:: Your objective ::
Somewhere below are a line with "I'm after the" and a later line with "4) chili pepper [554,344,639,479]". Output exactly those lines and all lines between them.

:: Raw data ::
....

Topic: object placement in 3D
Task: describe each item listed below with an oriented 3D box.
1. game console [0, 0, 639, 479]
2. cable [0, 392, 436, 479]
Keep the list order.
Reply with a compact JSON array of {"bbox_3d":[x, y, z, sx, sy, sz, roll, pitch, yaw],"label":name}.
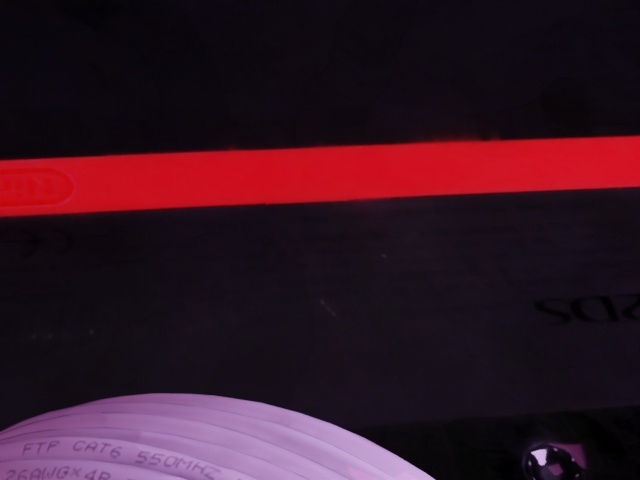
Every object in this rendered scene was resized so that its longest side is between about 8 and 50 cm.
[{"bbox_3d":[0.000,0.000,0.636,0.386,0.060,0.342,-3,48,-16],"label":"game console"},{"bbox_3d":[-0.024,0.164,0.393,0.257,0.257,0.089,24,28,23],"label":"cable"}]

....

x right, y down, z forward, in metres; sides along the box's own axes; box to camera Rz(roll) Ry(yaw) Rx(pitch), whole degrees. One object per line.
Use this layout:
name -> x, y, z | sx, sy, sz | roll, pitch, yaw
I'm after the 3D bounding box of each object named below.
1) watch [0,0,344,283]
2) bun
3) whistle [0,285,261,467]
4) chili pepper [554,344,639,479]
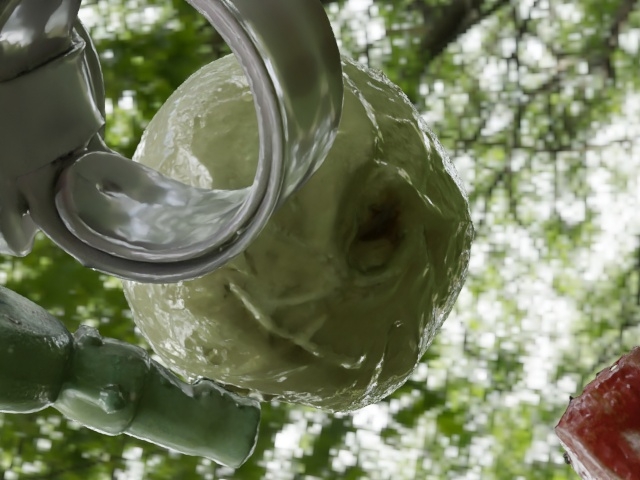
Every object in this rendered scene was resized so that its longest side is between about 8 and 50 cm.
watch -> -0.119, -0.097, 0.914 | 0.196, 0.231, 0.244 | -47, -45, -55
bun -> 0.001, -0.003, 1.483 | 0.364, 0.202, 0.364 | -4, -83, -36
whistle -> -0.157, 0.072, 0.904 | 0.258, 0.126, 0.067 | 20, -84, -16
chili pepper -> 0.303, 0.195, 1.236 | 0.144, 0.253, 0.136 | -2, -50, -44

....

:: Your response ::
I'm after the 3D bounding box of each object named below.
1) watch [0,0,344,283]
2) bun
3) whistle [0,285,261,467]
4) chili pepper [554,344,639,479]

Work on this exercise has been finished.